風が荒れ狂う。無形の刃が地を切り裂き、岩を砕き、泉の水を巻き上げる。
暴れまわる風は、獣のように唸り声をあげて大地を震わせ割り砕き、蛇のように遥か上方の森までその舌を伸ばし木々を撃ち落とす。
少年達の悲壮な顛末を前に、封印されし少女が目覚める。無理やり閉じられた穴は亀裂から再び広がり、潜り抜けた少女の魂があるべき所へ還る。
血の気の失せた紫の唇が震えて少年の名を紡ぎ、凍える身体を起こした少女が、慟哭と絶望の狭間から白く細い手を伸べる。
だがそれを許さぬ者がいた。それは穴から突如現れた。
それは巨大な漆黒の魔手を具現化させると、伏した少年を突き立つ剣ごと掴み上げた。
少女の叫びにもう一方の少年が覚醒し、即座に拾った剣でそこへ斬りかかる。穴から飛び出した少女はその太い指に飛び付き、風の鉈を振るう。

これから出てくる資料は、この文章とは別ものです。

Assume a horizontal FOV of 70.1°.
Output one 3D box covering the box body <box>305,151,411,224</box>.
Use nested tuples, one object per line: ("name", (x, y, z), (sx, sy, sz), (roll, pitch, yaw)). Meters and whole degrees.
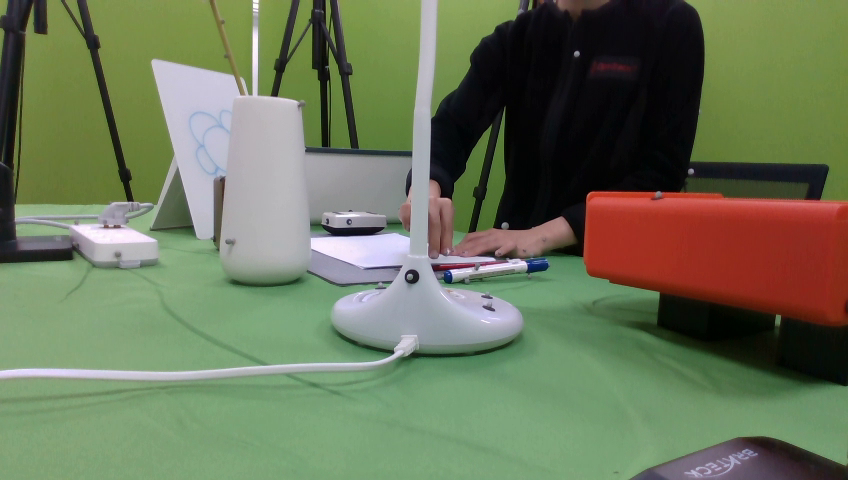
("box body", (-0.230, -0.126, 1.371), (0.366, 0.160, 0.253), (-2, 8, -33))

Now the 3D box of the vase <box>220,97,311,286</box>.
("vase", (-0.172, -0.052, 0.662), (0.098, 0.200, 0.098), (3, 8, 0))

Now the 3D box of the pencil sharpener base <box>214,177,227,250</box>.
("pencil sharpener base", (-0.265, -0.036, 0.870), (0.061, 0.107, 0.076), (-2, 8, -29))

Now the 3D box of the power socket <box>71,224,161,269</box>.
("power socket", (-0.408, 0.004, 0.793), (0.072, 0.032, 0.225), (-2, 8, -38))

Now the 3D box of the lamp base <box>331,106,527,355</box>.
("lamp base", (0.006, -0.012, 0.478), (0.161, 0.180, 0.179), (2, 10, 2))

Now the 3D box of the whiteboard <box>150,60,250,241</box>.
("whiteboard", (-0.408, -0.139, 1.093), (0.143, 0.305, 0.218), (-15, -1, 26))

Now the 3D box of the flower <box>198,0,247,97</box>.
("flower", (-0.187, -0.133, 0.648), (0.038, 0.362, 0.044), (-1, 22, 43))

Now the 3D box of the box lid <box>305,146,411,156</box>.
("box lid", (-0.229, -0.200, 1.360), (0.373, 0.015, 0.262), (-3, 9, -33))

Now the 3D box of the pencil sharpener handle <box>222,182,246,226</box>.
("pencil sharpener handle", (-0.289, -0.055, 0.912), (0.036, 0.067, 0.030), (-3, 9, -29))

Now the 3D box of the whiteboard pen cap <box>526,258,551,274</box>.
("whiteboard pen cap", (0.141, 0.033, 0.759), (0.033, 0.018, 0.018), (-8, 11, -26))

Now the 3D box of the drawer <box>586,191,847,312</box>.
("drawer", (0.281, 0.001, 0.513), (0.195, 0.073, 0.210), (-1, 8, -29))

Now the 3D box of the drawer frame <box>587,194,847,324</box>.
("drawer frame", (0.286, 0.004, 0.508), (0.203, 0.082, 0.212), (-1, 6, -30))

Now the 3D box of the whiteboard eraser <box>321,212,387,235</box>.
("whiteboard eraser", (-0.128, -0.031, 1.108), (0.113, 0.042, 0.055), (-3, 8, -38))

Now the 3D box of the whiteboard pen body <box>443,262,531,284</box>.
("whiteboard pen body", (0.087, 0.038, 0.734), (0.141, 0.017, 0.017), (-5, 10, -27))

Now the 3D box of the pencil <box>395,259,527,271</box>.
("pencil", (0.052, 0.034, 0.784), (0.195, 0.012, 0.012), (-2, 9, -25))

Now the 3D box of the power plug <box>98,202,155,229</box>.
("power plug", (-0.416, -0.026, 0.848), (0.073, 0.052, 0.035), (0, 8, -28))
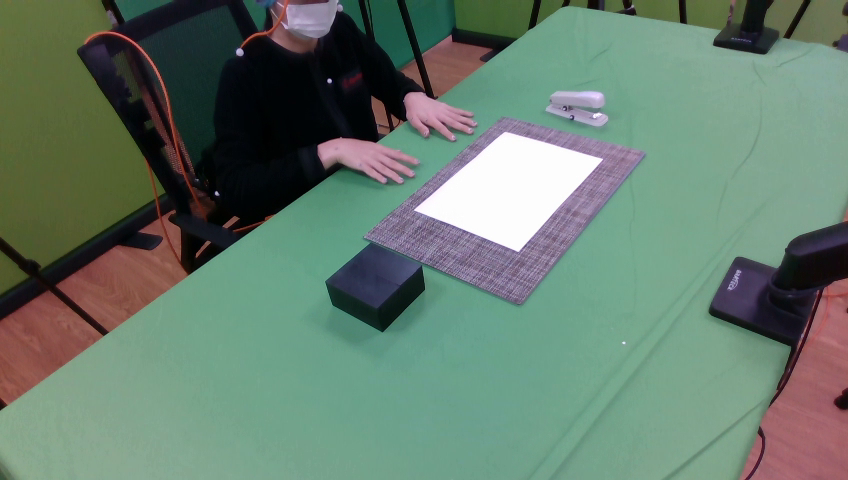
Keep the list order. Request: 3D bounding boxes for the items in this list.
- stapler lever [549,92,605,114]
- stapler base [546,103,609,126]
[{"bbox_3d":[0.309,-0.285,1.220,0.117,0.040,0.027,26,49,35],"label":"stapler lever"},{"bbox_3d":[0.313,-0.265,1.235,0.129,0.024,0.041,26,48,35],"label":"stapler base"}]
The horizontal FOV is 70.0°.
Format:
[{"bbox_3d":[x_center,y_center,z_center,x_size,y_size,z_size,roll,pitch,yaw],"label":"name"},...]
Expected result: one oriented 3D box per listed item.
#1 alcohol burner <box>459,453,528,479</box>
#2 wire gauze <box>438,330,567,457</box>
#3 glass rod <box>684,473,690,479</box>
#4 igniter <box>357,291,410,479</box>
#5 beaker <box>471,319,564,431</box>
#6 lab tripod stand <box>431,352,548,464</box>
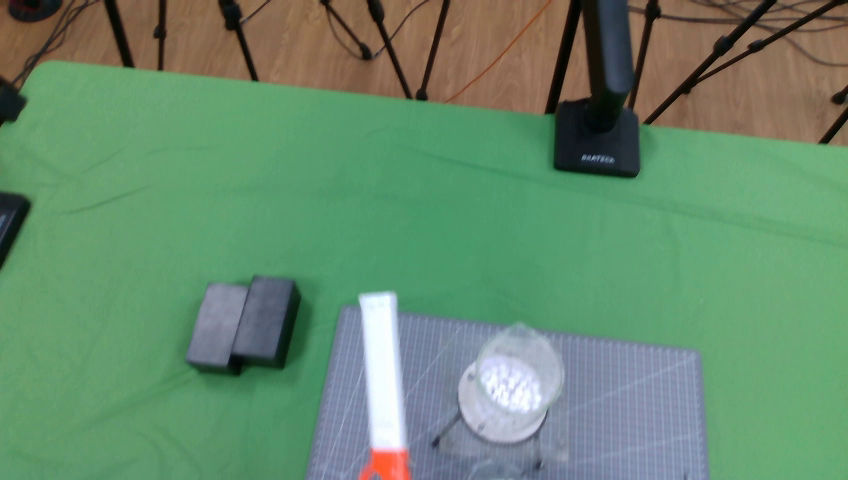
[{"bbox_3d":[0.073,0.257,0.622,0.078,0.120,0.077,0,62,1],"label":"alcohol burner"},{"bbox_3d":[0.075,0.146,0.592,0.125,0.011,0.120,2,61,3],"label":"wire gauze"},{"bbox_3d":[0.283,0.350,0.638,0.008,0.008,0.198,7,64,2],"label":"glass rod"},{"bbox_3d":[-0.032,0.182,0.515,0.057,0.025,0.276,-5,86,22],"label":"igniter"},{"bbox_3d":[0.079,0.126,0.548,0.074,0.101,0.083,4,62,2],"label":"beaker"},{"bbox_3d":[0.076,0.178,0.650,0.148,0.132,0.147,0,62,1],"label":"lab tripod stand"}]
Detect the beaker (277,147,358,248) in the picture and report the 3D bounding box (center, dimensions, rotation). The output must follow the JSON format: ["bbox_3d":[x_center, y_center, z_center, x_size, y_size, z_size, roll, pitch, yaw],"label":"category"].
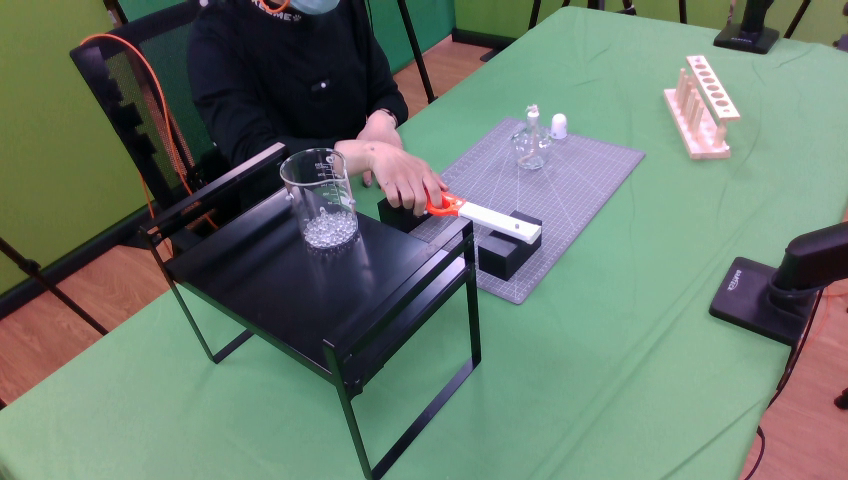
[{"bbox_3d":[-0.117,-0.046,0.705,0.083,0.101,0.074,17,47,25],"label":"beaker"}]

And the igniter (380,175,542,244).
[{"bbox_3d":[0.051,-0.052,0.941,0.274,0.025,0.057,21,47,26],"label":"igniter"}]

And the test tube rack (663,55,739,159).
[{"bbox_3d":[0.518,-0.256,1.144,0.066,0.085,0.241,-1,41,8],"label":"test tube rack"}]

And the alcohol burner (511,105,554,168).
[{"bbox_3d":[0.196,-0.190,1.088,0.078,0.119,0.077,-3,42,3],"label":"alcohol burner"}]

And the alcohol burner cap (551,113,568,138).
[{"bbox_3d":[0.263,-0.223,1.172,0.034,0.048,0.033,-5,40,4],"label":"alcohol burner cap"}]

しかし黒き手は切り裂く剣や風を物ともせず、纏わりつく少年を振り払い、少女をつまみ上げた。
少女を手にしたことにより、巨大な掌から剣を生やした少年が滑り落ちる。
残る少年がそれを庇う間に、一瞬にして漆黒の手が穴へ引き下がり、少女の姿と共に忽然と消え失せる。
辺りに静けさが満ちた一刻後、動かぬ友を抱く少年の絶叫が、荒れ果てた大地に木霊した。